Supplied data: Begin

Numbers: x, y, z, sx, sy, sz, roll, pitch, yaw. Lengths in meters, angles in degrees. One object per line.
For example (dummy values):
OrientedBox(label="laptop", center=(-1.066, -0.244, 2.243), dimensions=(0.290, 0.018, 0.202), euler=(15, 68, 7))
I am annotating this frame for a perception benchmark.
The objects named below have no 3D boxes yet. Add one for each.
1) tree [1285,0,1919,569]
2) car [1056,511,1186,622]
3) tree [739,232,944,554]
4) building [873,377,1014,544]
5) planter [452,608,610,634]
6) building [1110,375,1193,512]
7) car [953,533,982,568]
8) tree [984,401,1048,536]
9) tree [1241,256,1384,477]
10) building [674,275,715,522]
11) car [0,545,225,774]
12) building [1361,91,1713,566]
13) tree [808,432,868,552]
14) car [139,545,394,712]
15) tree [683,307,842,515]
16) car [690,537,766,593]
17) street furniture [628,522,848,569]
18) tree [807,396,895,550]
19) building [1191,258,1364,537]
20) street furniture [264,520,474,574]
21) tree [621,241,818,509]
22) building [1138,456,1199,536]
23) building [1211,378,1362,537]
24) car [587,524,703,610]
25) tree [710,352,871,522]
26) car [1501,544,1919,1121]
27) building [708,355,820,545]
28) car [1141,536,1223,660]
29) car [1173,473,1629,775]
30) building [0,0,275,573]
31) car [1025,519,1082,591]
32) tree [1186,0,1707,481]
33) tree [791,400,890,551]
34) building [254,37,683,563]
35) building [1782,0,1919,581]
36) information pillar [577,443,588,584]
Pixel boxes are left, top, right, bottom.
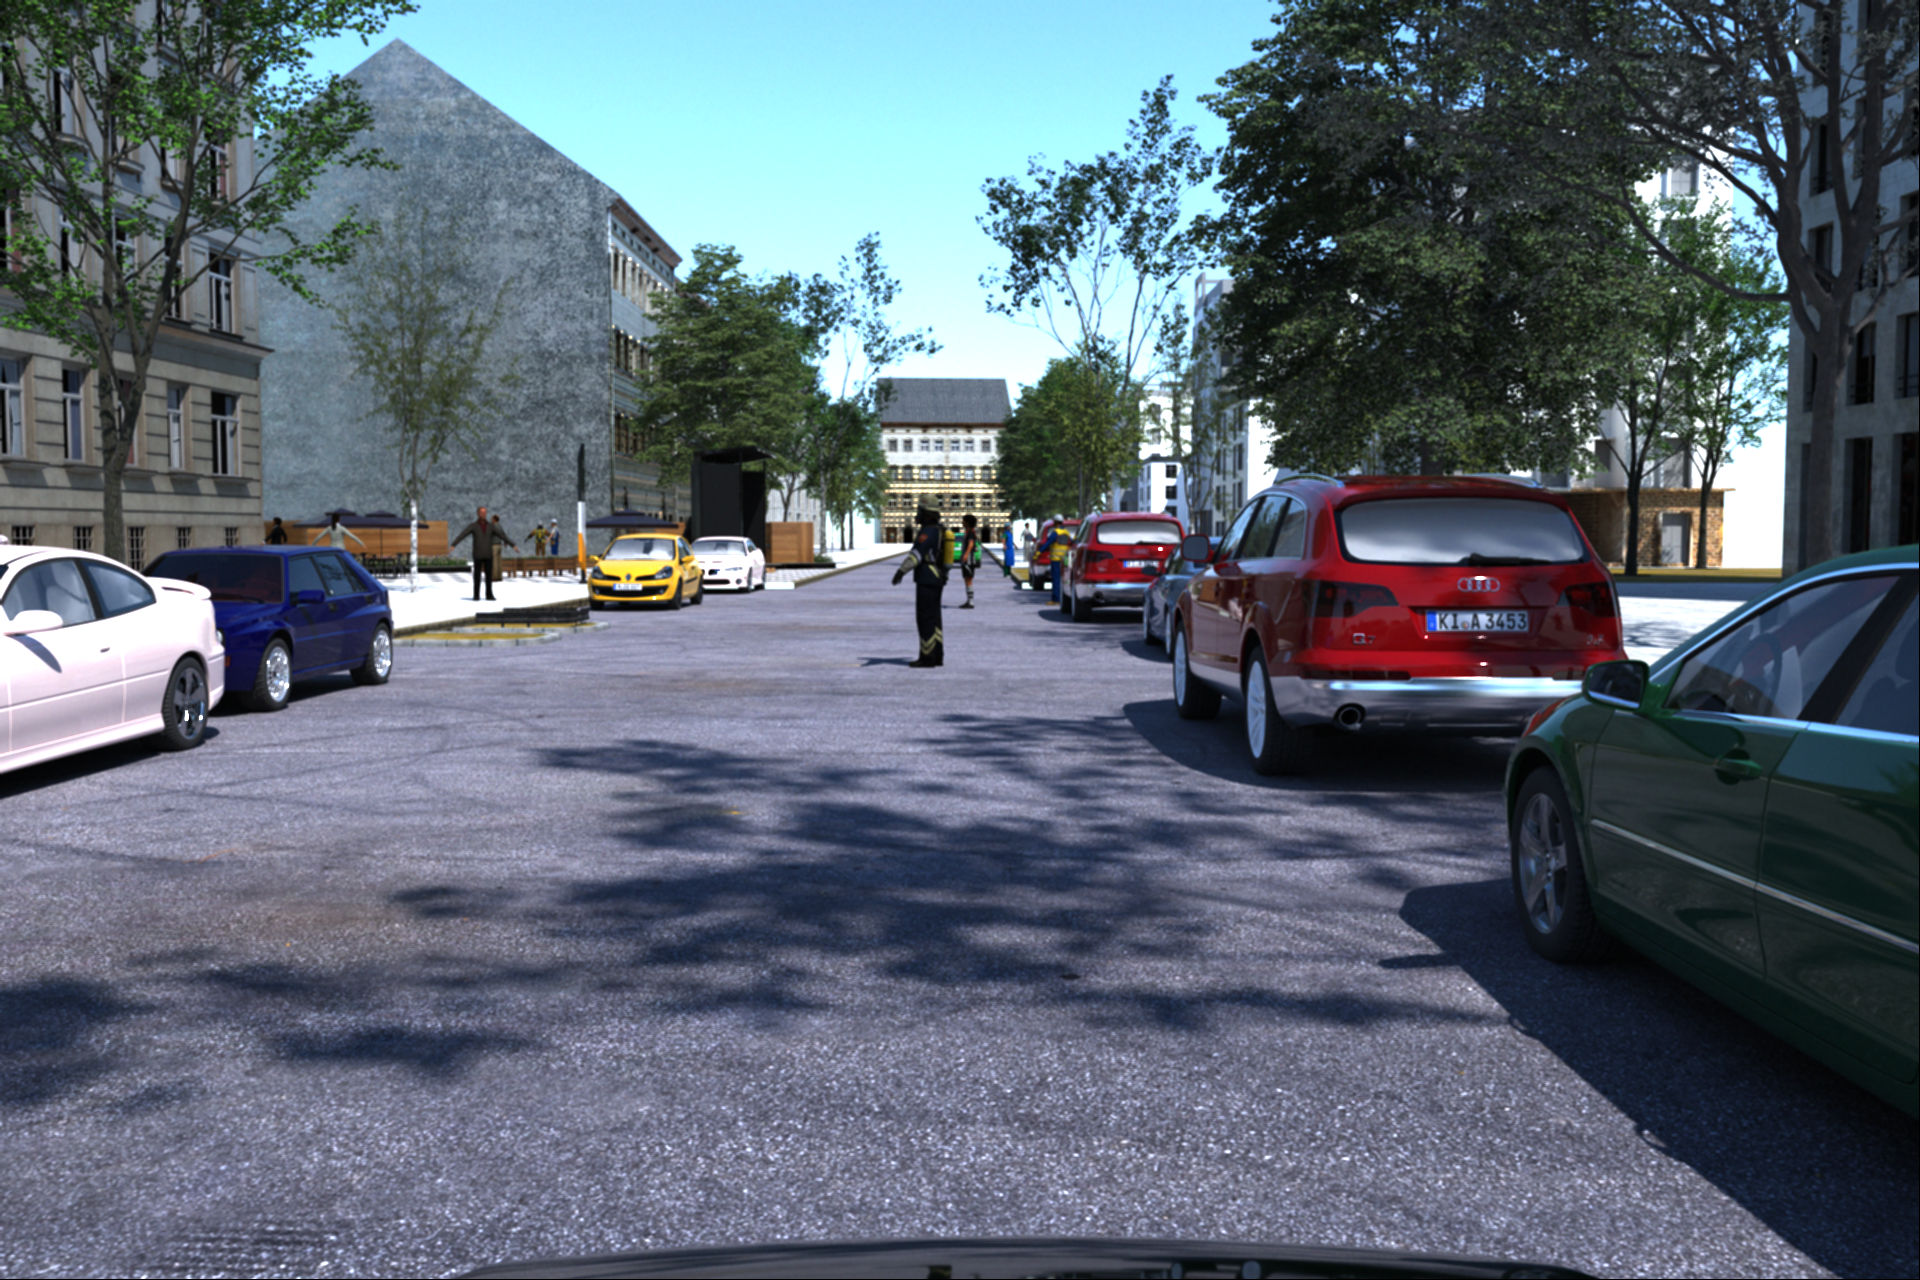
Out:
OrientedBox(label="tree", center=(8.990, -6.569, 17.776), dimensions=(12.009, 13.543, 11.850), euler=(0, 3, 0))
OrientedBox(label="car", center=(2.837, -1.291, 29.776), dimensions=(2.281, 1.827, 5.304), euler=(0, 4, 0))
OrientedBox(label="tree", center=(-7.793, -15.465, 108.738), dimensions=(12.611, 20.169, 13.585), euler=(0, 3, 0))
OrientedBox(label="building", center=(-2.625, -24.993, 242.022), dimensions=(18.063, 23.208, 19.493), euler=(0, 4, -5))
OrientedBox(label="planter", center=(-6.297, -0.284, 25.781), dimensions=(1.991, 0.319, 1.994), euler=(0, 4, 0))
OrientedBox(label="building", center=(23.585, -21.866, 213.933), dimensions=(16.016, 20.090, 11.380), euler=(0, 3, 0))
OrientedBox(label="car", center=(-0.017, -4.024, 74.586), dimensions=(1.959, 1.807, 4.718), euler=(0, 4, -1))
OrientedBox(label="tree", center=(6.832, -14.981, 151.597), dimensions=(9.857, 13.997, 8.962), euler=(0, 3, 0))
OrientedBox(label="tree", center=(9.414, -5.798, 45.155), dimensions=(4.737, 8.622, 4.395), euler=(0, 3, 0))
OrientedBox(label="building", center=(-26.251, -16.881, 106.935), dimensions=(19.493, 23.208, 18.063), euler=(0, 4, 1))
OrientedBox(label="car", center=(-6.019, 0.135, 10.150), dimensions=(2.083, 1.381, 4.827), euler=(0, 4, 0))
OrientedBox(label="building", center=(24.104, -13.700, 80.423), dimensions=(16.016, 20.090, 11.380), euler=(0, 4, 0))
OrientedBox(label="tree", center=(-8.735, -10.478, 121.685), dimensions=(4.737, 8.622, 4.395), euler=(0, 3, 0))
OrientedBox(label="car", center=(-6.348, -0.159, 15.179), dimensions=(1.945, 1.354, 3.894), euler=(0, 4, 0))
OrientedBox(label="tree", center=(-8.927, -9.324, 78.202), dimensions=(9.928, 11.665, 9.643), euler=(0, 3, 0))
OrientedBox(label="car", center=(-5.970, -1.894, 43.330), dimensions=(2.083, 1.381, 4.827), euler=(0, 4, 1))
OrientedBox(label="street furniture", center=(-8.423, -3.616, 65.984), dimensions=(9.812, 1.723, 11.010), euler=(-3, 5, -41))
OrientedBox(label="tree", center=(-9.349, -13.738, 142.747), dimensions=(7.486, 12.596, 7.792), euler=(0, 3, 0))
OrientedBox(label="building", center=(22.053, -16.471, 125.728), dimensions=(16.016, 20.090, 11.380), euler=(0, 4, 0))
OrientedBox(label="street furniture", center=(-21.109, -3.065, 56.967), dimensions=(11.010, 1.723, 9.812), euler=(3, 5, 42))
OrientedBox(label="tree", center=(-9.407, -9.182, 68.250), dimensions=(7.486, 12.596, 7.792), euler=(0, 3, 0))
OrientedBox(label="building", center=(25.038, -14.927, 186.199), dimensions=(9.099, 9.664, 28.070), euler=(0, 4, 0))
OrientedBox(label="building", center=(20.739, -9.534, 98.020), dimensions=(9.099, 9.664, 28.070), euler=(0, 3, 0))
OrientedBox(label="car", center=(-6.116, -1.446, 33.867), dimensions=(2.015, 1.641, 3.980), euler=(0, 4, 0))
OrientedBox(label="tree", center=(-9.066, -9.449, 88.910), dimensions=(8.767, 10.594, 7.601), euler=(-1, 4, -17))
OrientedBox(label="car", center=(2.872, 0.451, 4.418), dimensions=(2.131, 1.459, 4.920), euler=(0, 4, 0))
OrientedBox(label="building", center=(-24.474, -19.141, 179.421), dimensions=(16.747, 18.905, 31.486), euler=(0, 4, 1))
OrientedBox(label="car", center=(3.238, -0.546, 20.923), dimensions=(2.014, 1.417, 4.499), euler=(0, 4, 1))
OrientedBox(label="car", center=(2.735, -0.193, 11.835), dimensions=(2.281, 1.827, 5.304), euler=(0, 4, -1))
OrientedBox(label="building", center=(-28.381, -12.555, 37.302), dimensions=(16.112, 23.069, 30.059), euler=(0, 4, 1))
OrientedBox(label="car", center=(2.860, -2.245, 45.373), dimensions=(2.281, 1.827, 5.304), euler=(0, 4, 1))
OrientedBox(label="tree", center=(8.907, -7.686, 32.317), dimensions=(9.857, 13.997, 8.962), euler=(0, 3, 0))
OrientedBox(label="tree", center=(-8.832, -12.459, 129.456), dimensions=(9.928, 11.665, 9.643), euler=(0, 3, 0))
OrientedBox(label="building", center=(-24.908, -15.618, 86.279), dimensions=(19.493, 23.208, 18.063), euler=(0, 4, 0))
OrientedBox(label="building", center=(24.953, -10.936, 32.688), dimensions=(10.420, 20.400, 16.860), euler=(0, 4, 0))
OrientedBox(label="information pillar", center=(-9.700, -3.247, 44.437), dimensions=(0.183, 3.616, 0.504), euler=(0, 3, 0))

Supplied data: End

* About this task *
Copy every record exactly, leaving the pictures out.

* Reply to the exercise *
Numbers: x, y, z, sx, sy, sz, roll, pitch, yaw. Lengths in meters, angles in degrees. One object per line.
For example (dummy values):
OrientedBox(label="laptop", center=(-1.066, -0.244, 2.243), dimensions=(0.290, 0.018, 0.202), euler=(15, 68, 7))
I am annotating this frame for a perception benchmark.
The objects named below have no 3D boxes yet. Add one for each.
1) tree [1285,0,1919,569]
2) car [1056,511,1186,622]
3) tree [739,232,944,554]
4) building [873,377,1014,544]
5) planter [452,608,610,634]
6) building [1110,375,1193,512]
7) car [953,533,982,568]
8) tree [984,401,1048,536]
9) tree [1241,256,1384,477]
10) building [674,275,715,522]
11) car [0,545,225,774]
12) building [1361,91,1713,566]
13) tree [808,432,868,552]
14) car [139,545,394,712]
15) tree [683,307,842,515]
16) car [690,537,766,593]
17) street furniture [628,522,848,569]
18) tree [807,396,895,550]
19) building [1191,258,1364,537]
20) street furniture [264,520,474,574]
21) tree [621,241,818,509]
22) building [1138,456,1199,536]
23) building [1211,378,1362,537]
24) car [587,524,703,610]
25) tree [710,352,871,522]
26) car [1501,544,1919,1121]
27) building [708,355,820,545]
28) car [1141,536,1223,660]
29) car [1173,473,1629,775]
30) building [0,0,275,573]
31) car [1025,519,1082,591]
32) tree [1186,0,1707,481]
33) tree [791,400,890,551]
34) building [254,37,683,563]
35) building [1782,0,1919,581]
36) information pillar [577,443,588,584]
Pixel boxes are left, top, right, bottom.
Out:
OrientedBox(label="tree", center=(8.990, -6.569, 17.776), dimensions=(12.009, 13.543, 11.850), euler=(0, 3, 0))
OrientedBox(label="car", center=(2.837, -1.291, 29.776), dimensions=(2.281, 1.827, 5.304), euler=(0, 4, 0))
OrientedBox(label="tree", center=(-7.793, -15.465, 108.738), dimensions=(12.611, 20.169, 13.585), euler=(0, 3, 0))
OrientedBox(label="building", center=(-2.625, -24.993, 242.022), dimensions=(18.063, 23.208, 19.493), euler=(0, 4, -5))
OrientedBox(label="planter", center=(-6.297, -0.284, 25.781), dimensions=(1.991, 0.319, 1.994), euler=(0, 4, 0))
OrientedBox(label="building", center=(23.585, -21.866, 213.933), dimensions=(16.016, 20.090, 11.380), euler=(0, 3, 0))
OrientedBox(label="car", center=(-0.017, -4.024, 74.586), dimensions=(1.959, 1.807, 4.718), euler=(0, 4, -1))
OrientedBox(label="tree", center=(6.832, -14.981, 151.597), dimensions=(9.857, 13.997, 8.962), euler=(0, 3, 0))
OrientedBox(label="tree", center=(9.414, -5.798, 45.155), dimensions=(4.737, 8.622, 4.395), euler=(0, 3, 0))
OrientedBox(label="building", center=(-26.251, -16.881, 106.935), dimensions=(19.493, 23.208, 18.063), euler=(0, 4, 1))
OrientedBox(label="car", center=(-6.019, 0.135, 10.150), dimensions=(2.083, 1.381, 4.827), euler=(0, 4, 0))
OrientedBox(label="building", center=(24.104, -13.700, 80.423), dimensions=(16.016, 20.090, 11.380), euler=(0, 4, 0))
OrientedBox(label="tree", center=(-8.735, -10.478, 121.685), dimensions=(4.737, 8.622, 4.395), euler=(0, 3, 0))
OrientedBox(label="car", center=(-6.348, -0.159, 15.179), dimensions=(1.945, 1.354, 3.894), euler=(0, 4, 0))
OrientedBox(label="tree", center=(-8.927, -9.324, 78.202), dimensions=(9.928, 11.665, 9.643), euler=(0, 3, 0))
OrientedBox(label="car", center=(-5.970, -1.894, 43.330), dimensions=(2.083, 1.381, 4.827), euler=(0, 4, 1))
OrientedBox(label="street furniture", center=(-8.423, -3.616, 65.984), dimensions=(9.812, 1.723, 11.010), euler=(-3, 5, -41))
OrientedBox(label="tree", center=(-9.349, -13.738, 142.747), dimensions=(7.486, 12.596, 7.792), euler=(0, 3, 0))
OrientedBox(label="building", center=(22.053, -16.471, 125.728), dimensions=(16.016, 20.090, 11.380), euler=(0, 4, 0))
OrientedBox(label="street furniture", center=(-21.109, -3.065, 56.967), dimensions=(11.010, 1.723, 9.812), euler=(3, 5, 42))
OrientedBox(label="tree", center=(-9.407, -9.182, 68.250), dimensions=(7.486, 12.596, 7.792), euler=(0, 3, 0))
OrientedBox(label="building", center=(25.038, -14.927, 186.199), dimensions=(9.099, 9.664, 28.070), euler=(0, 4, 0))
OrientedBox(label="building", center=(20.739, -9.534, 98.020), dimensions=(9.099, 9.664, 28.070), euler=(0, 3, 0))
OrientedBox(label="car", center=(-6.116, -1.446, 33.867), dimensions=(2.015, 1.641, 3.980), euler=(0, 4, 0))
OrientedBox(label="tree", center=(-9.066, -9.449, 88.910), dimensions=(8.767, 10.594, 7.601), euler=(-1, 4, -17))
OrientedBox(label="car", center=(2.872, 0.451, 4.418), dimensions=(2.131, 1.459, 4.920), euler=(0, 4, 0))
OrientedBox(label="building", center=(-24.474, -19.141, 179.421), dimensions=(16.747, 18.905, 31.486), euler=(0, 4, 1))
OrientedBox(label="car", center=(3.238, -0.546, 20.923), dimensions=(2.014, 1.417, 4.499), euler=(0, 4, 1))
OrientedBox(label="car", center=(2.735, -0.193, 11.835), dimensions=(2.281, 1.827, 5.304), euler=(0, 4, -1))
OrientedBox(label="building", center=(-28.381, -12.555, 37.302), dimensions=(16.112, 23.069, 30.059), euler=(0, 4, 1))
OrientedBox(label="car", center=(2.860, -2.245, 45.373), dimensions=(2.281, 1.827, 5.304), euler=(0, 4, 1))
OrientedBox(label="tree", center=(8.907, -7.686, 32.317), dimensions=(9.857, 13.997, 8.962), euler=(0, 3, 0))
OrientedBox(label="tree", center=(-8.832, -12.459, 129.456), dimensions=(9.928, 11.665, 9.643), euler=(0, 3, 0))
OrientedBox(label="building", center=(-24.908, -15.618, 86.279), dimensions=(19.493, 23.208, 18.063), euler=(0, 4, 0))
OrientedBox(label="building", center=(24.953, -10.936, 32.688), dimensions=(10.420, 20.400, 16.860), euler=(0, 4, 0))
OrientedBox(label="information pillar", center=(-9.700, -3.247, 44.437), dimensions=(0.183, 3.616, 0.504), euler=(0, 3, 0))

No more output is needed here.